# i am the most conditioned and strongest in here - - my routine



## Leon77 (Apr 1, 2005)

Leon77 said:
			
		

> , i am the most conditioned and strongest in here, my training knowledge is far suprior then any.



 heres my curent training cycle:

*Monday*  ??? Strength work with dumbbells, sandbag lifting, and bodyweight exercise

*Tuesday* ??? Plyometric work with medicine ball, along with sledgehammer training

*Wednesday*  ??? Anaerobic conditioning, along with bodyweight exercise

*Thursday*  - Strength work with dumbbells, sandbags, and bodyweight exercise

*Friday* - Plyometric work with medicine ball, along with sledgehammer training

*Saturday*  - Anaerobic conditioning, along with bodyweight exercise

*Sunday*  - Rest 

On Monday and Thursday, I focus on strength training. I integrate dumbbell training with sandbags and bodyweight exercises, I also focus on full body movements such as dumbbell swings, snatches, one-legged squats, handstand pushups, and a variety sandbag power lifts. 

On Tuesday and Friday, I integrate a variety of medicine ball drills with my sledgehammer work. The sledgehammer is an awesome strength and conditioning tool that I highly recommend. I work through a variety of conditioning drills by smashing the sledgehammer against a large truck tire. 

Wednesday and Saturday are reserved for my most intense anaerobic conditioning sessions. These days include intense interval training on the track (near my home), hill sprints, sled dragging, and a variety of other conditioning drills. 

In addition to the above listed schedule, I train at the boxing gym during the evening. The boxing workout includes skill training, sparring, core training, and more conditioning drills. 
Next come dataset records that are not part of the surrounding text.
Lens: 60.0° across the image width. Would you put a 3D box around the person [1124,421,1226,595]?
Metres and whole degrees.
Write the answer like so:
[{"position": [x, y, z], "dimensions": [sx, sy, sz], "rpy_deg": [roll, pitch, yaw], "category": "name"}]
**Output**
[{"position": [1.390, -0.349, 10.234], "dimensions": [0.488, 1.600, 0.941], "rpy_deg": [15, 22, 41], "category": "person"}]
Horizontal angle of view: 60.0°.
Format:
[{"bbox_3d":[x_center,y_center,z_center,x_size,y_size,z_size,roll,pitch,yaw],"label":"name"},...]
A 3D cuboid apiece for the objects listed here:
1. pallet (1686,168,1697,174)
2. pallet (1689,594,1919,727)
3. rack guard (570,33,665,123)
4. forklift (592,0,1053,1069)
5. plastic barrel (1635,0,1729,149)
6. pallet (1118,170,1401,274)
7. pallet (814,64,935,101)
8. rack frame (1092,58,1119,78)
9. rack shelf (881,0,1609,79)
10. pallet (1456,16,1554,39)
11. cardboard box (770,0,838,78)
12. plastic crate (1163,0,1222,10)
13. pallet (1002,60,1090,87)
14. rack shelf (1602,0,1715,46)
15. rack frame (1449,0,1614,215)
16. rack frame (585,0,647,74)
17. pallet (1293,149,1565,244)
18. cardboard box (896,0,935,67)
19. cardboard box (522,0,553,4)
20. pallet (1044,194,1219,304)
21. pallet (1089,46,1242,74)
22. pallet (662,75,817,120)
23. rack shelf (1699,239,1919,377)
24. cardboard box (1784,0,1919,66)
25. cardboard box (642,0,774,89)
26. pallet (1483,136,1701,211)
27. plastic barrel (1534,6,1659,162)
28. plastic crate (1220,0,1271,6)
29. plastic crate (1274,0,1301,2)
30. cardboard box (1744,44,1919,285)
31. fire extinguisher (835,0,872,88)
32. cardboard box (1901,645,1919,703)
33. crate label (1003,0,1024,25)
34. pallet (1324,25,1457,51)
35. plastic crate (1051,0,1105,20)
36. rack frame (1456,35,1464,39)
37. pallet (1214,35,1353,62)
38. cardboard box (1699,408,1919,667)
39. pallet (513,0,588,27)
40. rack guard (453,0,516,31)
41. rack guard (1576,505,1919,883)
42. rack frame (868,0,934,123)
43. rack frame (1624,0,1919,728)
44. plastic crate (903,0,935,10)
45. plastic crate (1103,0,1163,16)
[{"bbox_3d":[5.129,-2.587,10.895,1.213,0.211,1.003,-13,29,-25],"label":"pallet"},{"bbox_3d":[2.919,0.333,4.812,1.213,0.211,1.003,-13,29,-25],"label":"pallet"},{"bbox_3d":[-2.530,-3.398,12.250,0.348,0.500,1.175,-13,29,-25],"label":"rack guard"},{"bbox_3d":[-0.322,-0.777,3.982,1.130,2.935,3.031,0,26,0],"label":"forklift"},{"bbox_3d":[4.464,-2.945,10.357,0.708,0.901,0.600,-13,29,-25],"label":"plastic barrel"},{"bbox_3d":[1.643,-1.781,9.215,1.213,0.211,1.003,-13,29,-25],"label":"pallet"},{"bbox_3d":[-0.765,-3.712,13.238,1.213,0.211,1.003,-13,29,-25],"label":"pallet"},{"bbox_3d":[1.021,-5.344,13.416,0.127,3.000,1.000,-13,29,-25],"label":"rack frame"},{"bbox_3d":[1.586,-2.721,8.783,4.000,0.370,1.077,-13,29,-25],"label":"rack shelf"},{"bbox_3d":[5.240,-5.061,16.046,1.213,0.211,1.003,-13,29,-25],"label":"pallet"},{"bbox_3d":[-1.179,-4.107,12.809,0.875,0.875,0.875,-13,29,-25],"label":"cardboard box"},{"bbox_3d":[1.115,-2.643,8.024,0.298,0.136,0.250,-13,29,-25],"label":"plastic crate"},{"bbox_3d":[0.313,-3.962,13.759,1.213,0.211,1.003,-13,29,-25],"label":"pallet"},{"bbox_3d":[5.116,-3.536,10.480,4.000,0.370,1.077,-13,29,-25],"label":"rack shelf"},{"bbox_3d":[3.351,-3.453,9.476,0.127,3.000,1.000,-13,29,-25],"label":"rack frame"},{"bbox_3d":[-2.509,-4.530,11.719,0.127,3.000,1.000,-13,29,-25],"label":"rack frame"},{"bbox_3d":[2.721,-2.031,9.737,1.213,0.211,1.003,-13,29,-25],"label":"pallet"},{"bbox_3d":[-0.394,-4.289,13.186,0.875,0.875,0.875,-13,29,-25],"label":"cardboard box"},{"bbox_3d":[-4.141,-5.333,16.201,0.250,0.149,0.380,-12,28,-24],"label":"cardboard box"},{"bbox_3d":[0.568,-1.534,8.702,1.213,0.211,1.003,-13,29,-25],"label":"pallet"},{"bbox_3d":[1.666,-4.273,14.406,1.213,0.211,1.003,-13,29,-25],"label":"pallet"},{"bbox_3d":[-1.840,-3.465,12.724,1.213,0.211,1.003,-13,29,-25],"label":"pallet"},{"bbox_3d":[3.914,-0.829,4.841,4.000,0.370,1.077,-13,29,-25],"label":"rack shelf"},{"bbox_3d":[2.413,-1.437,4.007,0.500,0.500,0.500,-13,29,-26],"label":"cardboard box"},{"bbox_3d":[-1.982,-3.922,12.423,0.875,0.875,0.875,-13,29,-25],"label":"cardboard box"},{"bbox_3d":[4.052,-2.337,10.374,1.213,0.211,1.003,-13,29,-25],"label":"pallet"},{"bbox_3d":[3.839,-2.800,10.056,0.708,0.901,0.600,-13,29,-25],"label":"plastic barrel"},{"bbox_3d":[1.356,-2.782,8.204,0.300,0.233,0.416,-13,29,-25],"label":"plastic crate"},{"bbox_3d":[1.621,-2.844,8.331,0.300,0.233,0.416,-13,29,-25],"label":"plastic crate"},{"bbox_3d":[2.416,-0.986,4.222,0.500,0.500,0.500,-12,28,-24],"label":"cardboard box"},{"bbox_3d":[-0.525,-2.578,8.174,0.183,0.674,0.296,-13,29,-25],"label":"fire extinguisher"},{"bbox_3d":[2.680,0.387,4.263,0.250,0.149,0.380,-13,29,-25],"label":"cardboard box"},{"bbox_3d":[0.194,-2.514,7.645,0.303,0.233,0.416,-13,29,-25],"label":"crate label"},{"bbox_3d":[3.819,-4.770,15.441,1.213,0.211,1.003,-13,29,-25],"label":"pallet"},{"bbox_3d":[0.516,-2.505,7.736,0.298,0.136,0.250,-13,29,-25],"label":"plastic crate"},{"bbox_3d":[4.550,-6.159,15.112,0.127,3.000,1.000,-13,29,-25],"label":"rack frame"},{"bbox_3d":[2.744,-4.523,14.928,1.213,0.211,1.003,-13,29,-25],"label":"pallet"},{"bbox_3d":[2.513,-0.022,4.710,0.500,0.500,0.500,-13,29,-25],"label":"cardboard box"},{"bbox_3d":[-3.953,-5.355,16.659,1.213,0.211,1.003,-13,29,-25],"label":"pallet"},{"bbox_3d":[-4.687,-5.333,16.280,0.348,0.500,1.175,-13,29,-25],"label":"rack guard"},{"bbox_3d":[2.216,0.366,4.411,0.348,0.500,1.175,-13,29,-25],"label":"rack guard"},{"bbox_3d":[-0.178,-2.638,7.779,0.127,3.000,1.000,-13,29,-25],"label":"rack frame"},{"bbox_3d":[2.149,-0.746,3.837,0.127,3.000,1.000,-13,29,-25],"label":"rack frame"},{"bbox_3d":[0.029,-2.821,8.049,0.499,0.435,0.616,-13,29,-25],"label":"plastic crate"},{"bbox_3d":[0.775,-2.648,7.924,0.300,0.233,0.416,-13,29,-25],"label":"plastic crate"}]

i carry out my training programs anything from 8-10 weeks like i am preparing for a world title fight - then i will rest up until i feel fresh to tackle new challenges and training systems, (it is very important not to become stale) be it more emphasis on conditioning or strength/ using very heavy compound movements.


----------



## SPIKE1257 (Apr 1, 2005)

Holy shit ! It's Rocky..


----------



## SPIKE1257 (Apr 1, 2005)

When do you do the one arm pushups ?


----------



## bigbullboy (Apr 1, 2005)

I, me, do all the work. You guys, just fuck around...My dad can....


----------



## min0 lee (Apr 1, 2005)

Leon77 said:
			
		

> heres my curent training cycle:
> 
> *Monday*  ??? Strength work with dumbbells, sandbag lifting, and bodyweight exercise
> 
> ...



   Great April fools joke mate!


----------



## Leon77 (Apr 1, 2005)

min0 lee said:
			
		

> Great April fools joke mate!



its no joke i work all corners of fitness- it just looks worse on paper


----------



## min0 lee (Apr 1, 2005)

Oh...I See.


----------



## myCATpowerlifts (Apr 1, 2005)

Leon77 said:
			
		

> its no joke i work all corners of fitness- it just looks worse on paper




THere are several logical responses to this:

1. It IS an april fool's "joke"

2. We have hurt your feelings and now you are retaliating by being a punkass

3.  You are VERY stuck up on yourself, and you actually think you are better than everyone else
"At global tech we're better than you and we know it!"

4. Your Johnny

5.  etc etc...



But i want you to know something...

In actuallity you are not better than everyone here.  In fact I doubt you are the person in your avitar.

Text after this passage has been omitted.